- WORK REQUIRED
Reproduce, exactly and in full, only the lines below from the one containing "i, _ := strconv.ParseInt(getNextString(scanner), 10, 64)" through the one containing "for i := 0; i < extra;".

- RECORDS TO USE
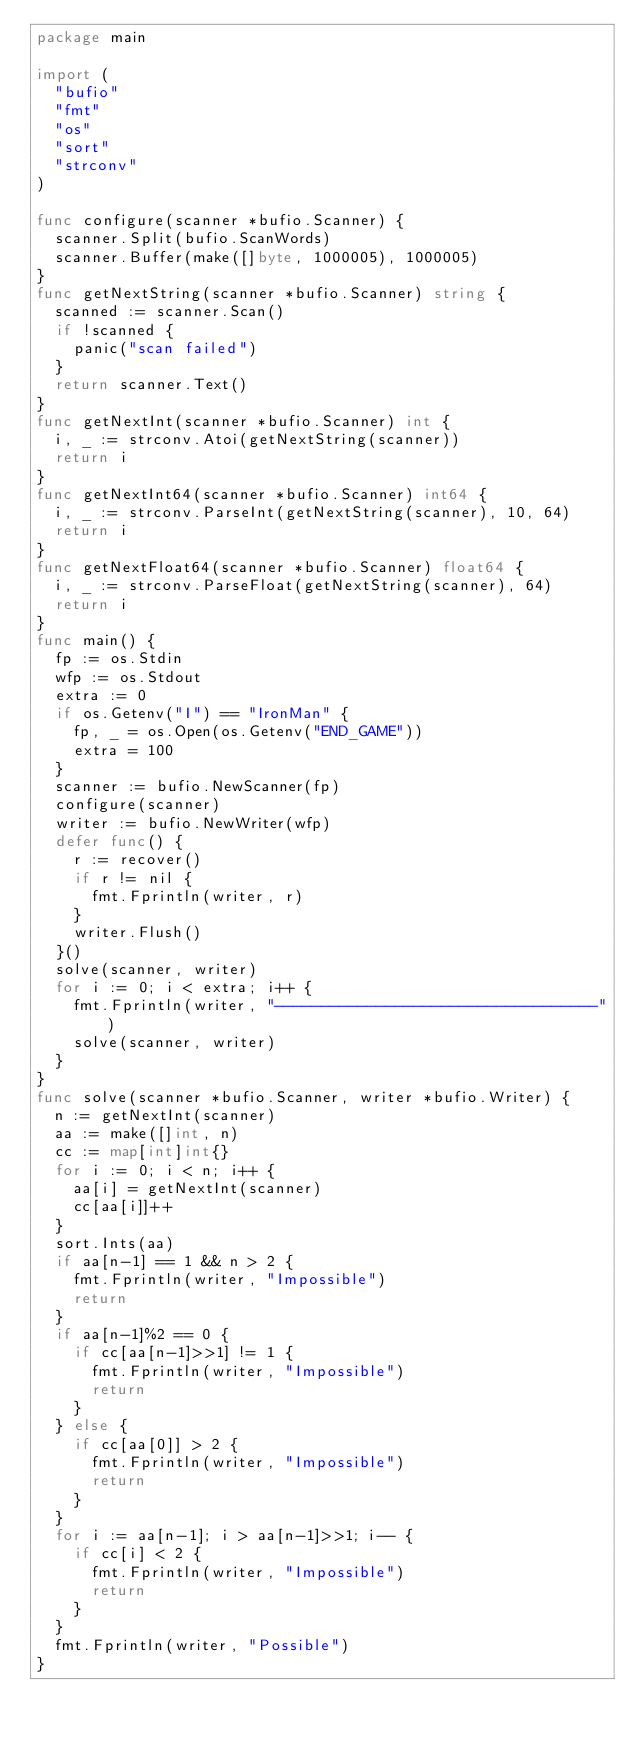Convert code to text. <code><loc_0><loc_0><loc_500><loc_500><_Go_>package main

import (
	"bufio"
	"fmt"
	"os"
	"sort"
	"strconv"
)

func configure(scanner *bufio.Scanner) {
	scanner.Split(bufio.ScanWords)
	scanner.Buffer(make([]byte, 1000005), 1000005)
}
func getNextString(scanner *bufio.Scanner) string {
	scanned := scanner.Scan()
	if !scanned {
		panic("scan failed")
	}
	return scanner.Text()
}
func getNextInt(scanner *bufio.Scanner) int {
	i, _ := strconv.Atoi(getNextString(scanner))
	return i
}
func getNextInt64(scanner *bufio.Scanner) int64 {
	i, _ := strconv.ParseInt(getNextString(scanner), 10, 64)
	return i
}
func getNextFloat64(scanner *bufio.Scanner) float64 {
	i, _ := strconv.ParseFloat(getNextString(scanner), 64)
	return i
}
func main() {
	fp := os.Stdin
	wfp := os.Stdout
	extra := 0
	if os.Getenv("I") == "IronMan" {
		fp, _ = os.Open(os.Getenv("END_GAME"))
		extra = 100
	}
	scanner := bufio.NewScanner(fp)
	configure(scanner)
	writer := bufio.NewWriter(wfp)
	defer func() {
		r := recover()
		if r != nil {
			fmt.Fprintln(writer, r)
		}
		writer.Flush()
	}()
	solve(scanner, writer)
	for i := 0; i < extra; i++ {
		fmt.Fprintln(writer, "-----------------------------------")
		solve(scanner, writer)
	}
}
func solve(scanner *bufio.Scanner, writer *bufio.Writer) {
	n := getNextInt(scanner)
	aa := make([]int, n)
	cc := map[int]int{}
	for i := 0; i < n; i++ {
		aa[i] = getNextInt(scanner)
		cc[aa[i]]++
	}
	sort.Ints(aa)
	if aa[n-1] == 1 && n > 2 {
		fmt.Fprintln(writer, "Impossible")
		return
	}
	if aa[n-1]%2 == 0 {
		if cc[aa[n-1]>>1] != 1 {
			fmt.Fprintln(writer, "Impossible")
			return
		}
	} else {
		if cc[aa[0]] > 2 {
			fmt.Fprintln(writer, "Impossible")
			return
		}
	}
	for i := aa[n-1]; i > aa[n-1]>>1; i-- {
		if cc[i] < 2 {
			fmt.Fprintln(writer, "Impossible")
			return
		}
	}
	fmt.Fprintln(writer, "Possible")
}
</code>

==

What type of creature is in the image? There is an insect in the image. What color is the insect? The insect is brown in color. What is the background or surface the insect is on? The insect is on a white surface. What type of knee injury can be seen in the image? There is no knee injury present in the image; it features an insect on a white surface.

- TASK ANSWER
	i, _ := strconv.ParseInt(getNextString(scanner), 10, 64)
	return i
}
func getNextFloat64(scanner *bufio.Scanner) float64 {
	i, _ := strconv.ParseFloat(getNextString(scanner), 64)
	return i
}
func main() {
	fp := os.Stdin
	wfp := os.Stdout
	extra := 0
	if os.Getenv("I") == "IronMan" {
		fp, _ = os.Open(os.Getenv("END_GAME"))
		extra = 100
	}
	scanner := bufio.NewScanner(fp)
	configure(scanner)
	writer := bufio.NewWriter(wfp)
	defer func() {
		r := recover()
		if r != nil {
			fmt.Fprintln(writer, r)
		}
		writer.Flush()
	}()
	solve(scanner, writer)
	for i := 0; i < extra; i++ {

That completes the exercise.